GOAL OF THE EXERCISE – Make an exact copy of the listing, without images.

DATA EXTRACT –
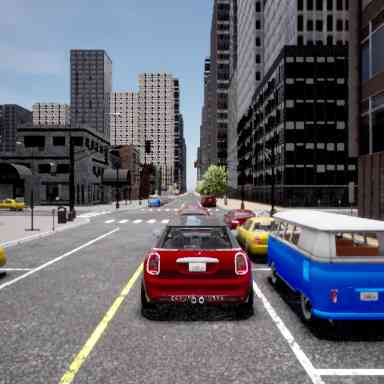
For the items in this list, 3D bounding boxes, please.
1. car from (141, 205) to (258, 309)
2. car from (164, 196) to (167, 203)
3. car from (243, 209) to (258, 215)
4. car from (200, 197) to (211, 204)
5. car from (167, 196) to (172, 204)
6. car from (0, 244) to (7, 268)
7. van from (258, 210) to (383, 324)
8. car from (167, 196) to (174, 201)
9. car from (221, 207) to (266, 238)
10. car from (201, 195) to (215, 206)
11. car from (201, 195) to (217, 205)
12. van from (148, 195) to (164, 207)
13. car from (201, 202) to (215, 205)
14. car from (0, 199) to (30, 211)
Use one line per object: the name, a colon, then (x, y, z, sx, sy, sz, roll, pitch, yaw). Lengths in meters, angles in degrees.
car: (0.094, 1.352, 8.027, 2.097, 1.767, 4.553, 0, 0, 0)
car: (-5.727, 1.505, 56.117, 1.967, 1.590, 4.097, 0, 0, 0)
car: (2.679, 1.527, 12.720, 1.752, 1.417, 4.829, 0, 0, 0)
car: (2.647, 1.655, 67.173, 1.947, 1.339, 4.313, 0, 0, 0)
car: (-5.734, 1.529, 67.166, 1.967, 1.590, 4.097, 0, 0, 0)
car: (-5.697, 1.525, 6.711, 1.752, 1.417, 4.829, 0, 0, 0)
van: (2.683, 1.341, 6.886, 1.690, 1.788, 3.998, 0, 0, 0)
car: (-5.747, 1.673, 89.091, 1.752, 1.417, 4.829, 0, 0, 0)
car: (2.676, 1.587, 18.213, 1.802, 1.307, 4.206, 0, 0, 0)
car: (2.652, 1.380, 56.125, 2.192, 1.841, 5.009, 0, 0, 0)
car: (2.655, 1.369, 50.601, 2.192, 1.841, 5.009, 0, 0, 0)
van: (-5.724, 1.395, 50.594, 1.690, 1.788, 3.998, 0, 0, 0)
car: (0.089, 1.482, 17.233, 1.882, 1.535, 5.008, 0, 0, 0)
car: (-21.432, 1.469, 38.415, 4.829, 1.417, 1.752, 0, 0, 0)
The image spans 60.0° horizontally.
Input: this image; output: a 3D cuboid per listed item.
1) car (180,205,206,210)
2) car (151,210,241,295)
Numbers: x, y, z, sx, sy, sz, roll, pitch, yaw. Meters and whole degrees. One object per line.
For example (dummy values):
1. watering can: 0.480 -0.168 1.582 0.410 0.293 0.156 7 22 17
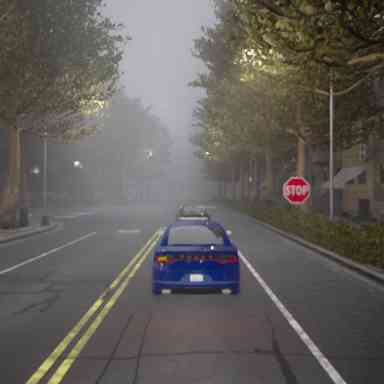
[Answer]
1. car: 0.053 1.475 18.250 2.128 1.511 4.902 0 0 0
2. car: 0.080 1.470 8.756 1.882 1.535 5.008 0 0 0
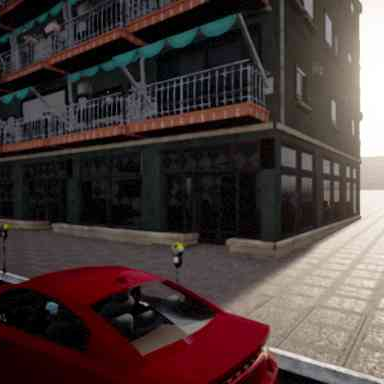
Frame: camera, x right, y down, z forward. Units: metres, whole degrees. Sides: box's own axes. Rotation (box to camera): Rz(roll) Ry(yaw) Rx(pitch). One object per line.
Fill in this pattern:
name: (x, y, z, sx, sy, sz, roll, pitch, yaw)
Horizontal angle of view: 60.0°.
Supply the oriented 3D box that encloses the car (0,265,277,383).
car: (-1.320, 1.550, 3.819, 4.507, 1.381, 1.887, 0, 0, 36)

EXERCISE SOLUTION –
For the items in this list, 3D bounding boxes, please.
1. car from (141, 205) to (258, 309)
2. car from (164, 196) to (167, 203)
3. car from (243, 209) to (258, 215)
4. car from (200, 197) to (211, 204)
5. car from (167, 196) to (172, 204)
6. car from (0, 244) to (7, 268)
7. van from (258, 210) to (383, 324)
8. car from (167, 196) to (174, 201)
9. car from (221, 207) to (266, 238)
10. car from (201, 195) to (215, 206)
11. car from (201, 195) to (217, 205)
12. van from (148, 195) to (164, 207)
13. car from (201, 202) to (215, 205)
14. car from (0, 199) to (30, 211)
Use one line per object: the name, a colon, then (x, y, z, sx, sy, sz, roll, pitch, yaw). Lengths in meters, angles in degrees.
car: (0.094, 1.352, 8.027, 2.097, 1.767, 4.553, 0, 0, 0)
car: (-5.727, 1.505, 56.117, 1.967, 1.590, 4.097, 0, 0, 0)
car: (2.679, 1.527, 12.720, 1.752, 1.417, 4.829, 0, 0, 0)
car: (2.647, 1.655, 67.173, 1.947, 1.339, 4.313, 0, 0, 0)
car: (-5.734, 1.529, 67.166, 1.967, 1.590, 4.097, 0, 0, 0)
car: (-5.697, 1.525, 6.711, 1.752, 1.417, 4.829, 0, 0, 0)
van: (2.683, 1.341, 6.886, 1.690, 1.788, 3.998, 0, 0, 0)
car: (-5.747, 1.673, 89.091, 1.752, 1.417, 4.829, 0, 0, 0)
car: (2.676, 1.587, 18.213, 1.802, 1.307, 4.206, 0, 0, 0)
car: (2.652, 1.380, 56.125, 2.192, 1.841, 5.009, 0, 0, 0)
car: (2.655, 1.369, 50.601, 2.192, 1.841, 5.009, 0, 0, 0)
van: (-5.724, 1.395, 50.594, 1.690, 1.788, 3.998, 0, 0, 0)
car: (0.089, 1.482, 17.233, 1.882, 1.535, 5.008, 0, 0, 0)
car: (-21.432, 1.469, 38.415, 4.829, 1.417, 1.752, 0, 0, 0)
The image spans 60.0° horizontally.
Input: this image; output: a 3D cuboid per listed item.
1) car (180,205,206,210)
2) car (151,210,241,295)
Numbers: x, y, z, sx, sy, sz, roll, pitch, yaw. Meters and whole degrees. One object per line.
For example (dummy values):
1. watering can: 0.480 -0.168 1.582 0.410 0.293 0.156 7 22 17
[Answer]
1. car: 0.053 1.475 18.250 2.128 1.511 4.902 0 0 0
2. car: 0.080 1.470 8.756 1.882 1.535 5.008 0 0 0
Frame: camera, x right, y down, z forward. Units: metres, whole degrees. Sides: box's own axes. Rotation (box to camera): Rz(roll) Ry(yaw) Rx(pitch). One object per line.
Fill in this pattern:
name: (x, y, z, sx, sy, sz, roll, pitch, yaw)
Horizontal angle of view: 60.0°.
Supply the oriented 3D box that encloses the car (0,265,277,383).
car: (-1.320, 1.550, 3.819, 4.507, 1.381, 1.887, 0, 0, 36)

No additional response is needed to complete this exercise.